Grâce à un nouveau traitement, le petit Johan a pu bénéficier du système immunitaire de son frère
Quand le système immunitaire d’une personne est saboté par une maladie génétique, une greffe de moelle osseuse peut la soigner, mais une vulnérabilité temporaire apparaît alors: pendant les premiers mois, le receveur est nu face aux virus. Un banal microbe peut l’envoyer à l’hôpital.
Un nouveau type de traitement, appelé thérapie cellulaire, vise à combler ces mois durant lesquels les défenses de l’organisme se reconstruisent. Après deux décennies d’essais thérapeutiques, la technologie s’affine et de plus en plus d’enfants sont soignés. Johan est l’un d’eux.
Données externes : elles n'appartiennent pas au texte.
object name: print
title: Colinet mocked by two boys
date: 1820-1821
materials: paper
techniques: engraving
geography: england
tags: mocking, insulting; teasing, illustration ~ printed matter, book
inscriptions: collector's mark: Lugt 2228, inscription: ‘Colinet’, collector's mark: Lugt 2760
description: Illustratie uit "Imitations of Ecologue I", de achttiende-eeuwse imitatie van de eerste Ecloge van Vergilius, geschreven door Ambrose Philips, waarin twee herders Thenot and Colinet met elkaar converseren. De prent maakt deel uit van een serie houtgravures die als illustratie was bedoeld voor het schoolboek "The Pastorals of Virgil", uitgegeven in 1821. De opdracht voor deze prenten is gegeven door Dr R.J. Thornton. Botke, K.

C’est aujourd’hui un petit bonhomme malin à l’épaisse tignasse, implacable poursuivant du chiot familial. Rien ne trahit les trois ans d’aventure médicale et émotionnelle dont émerge aujourd’hui sa famille, dans une banlieue cossue de Washington. Les montagnes russes ont commencé au test de grossesse: Johan n’était pas prévu. «C’était un choc, j’ai pleuré», raconte sa mère, Maren Chamorro, 39 ans.
Elle savait depuis son enfance qu’elle était porteuse d’un gène causant une maladie souvent fatale avant dix ans, la granulomatose chronique. Son frère en est mort à sept ans. Les lois de la génétique faisaient qu’elle avait une chance sur quatre de la transmettre.
Pour leurs premiers enfants, elle et son mari, Ricardo, avaient choisi la fécondation in vitro, permettant un test génétique des embryons avant l’implantation. Leurs jumeaux Thomas et Joanna sont nés il y a sept ans et demi, sans la maladie.
Pour Johan, un test génétique a vite confirmé qu’il était atteint. Après avoir contacté l’hôpital pour enfants de Washington, le couple a pris l’une des décisions les plus importantes de sa vie: Johan recevrait une greffe de moelle osseuse, une procédure risquée mais rendant la guérison possible. «Le fait que Maren ait perdu son frère si jeune à cause de cette maladie a joué un grand rôle», confie Ricardo.
La moelle osseuse est notre usine de globules (rouges et blancs). Celle de Johan produisait des globules blancs incapables de répondre aux bactéries et aux champignons. Chez lui, une infection bactérienne pouvait devenir incontrôlable.
Par chance, Thomas, son frère, était un donneur compatible. En avril 2018, les médecins ont nettoyé la moelle de Johan par chimiothérapie. Puis ils ont prélevé celle de Thomas, alors âgé de six ans, dans les os de son bassin, avec une aiguille.
Ils en ont extrait des «supercellules», comme dit Thomas, les cellules souches, qu’ils ont réinjectées dans les veines de Johan afin qu’elles fassent progressivement leur nid dans sa moelle osseuse, et y fabriquent des globules blancs normaux.
La seconde étape fut la thérapie cellulaire préventive, dans un programme expérimental dirigé par l’immunologue Michael Keller. La partie du système immunitaire protégeant des bactéries se reconstruit en quelques semaines, mais pour les virus, il faut plus de trois mois.
Du sang de Thomas, les médecins ont extrait des globules ayant déjà rencontré six virus, des lymphocytes T. Le docteur Keller les a multipliés pendant dix jours dans un incubateur, pour créer une armée de centaines de millions de lymphocytes spécialisés. Le résultat est une crème blanche, au fond d’un flacon.
Puis les lymphocytes T ont été injectés dans Johan, assurant immédiatement la garde contre ces six virus, préventivement. «Il a le système immunitaire de son frère», résume Michael Keller. Ce que sa mère confirme: aujourd’hui quand Thomas et Johan attrapent un rhume, ils ont les même symptômes, de même durée. «C’est assez cool d’avoir la même immunité que son grand frère», dit-elle.
L’approche consistant à doper le système immunitaire, à partir de cellules d’un donneur ou de ses propres cellules génétiquement modifiées, s’appelle l’immunothérapie. La principale application concerne le cancer, mais Michael Keller espère qu’elle sera prochainement disponible contre des virus, pour les patients immunodéprimés comme Johan. L’obstacle reste la complexité technique et le coût, qui restreignent actuellement la procédure à une trentaine de centres aux Etats-Unis.
Pour Johan, un an et demi après la greffe, tout indiquait qu’elle avait parfaitement prise. «C’est génial de le voir jouer dans la boue», dit Maren, dont la seule inquiétude, quand Johan tombe malade désormais, est que le reste de la famille attrape le même microbe.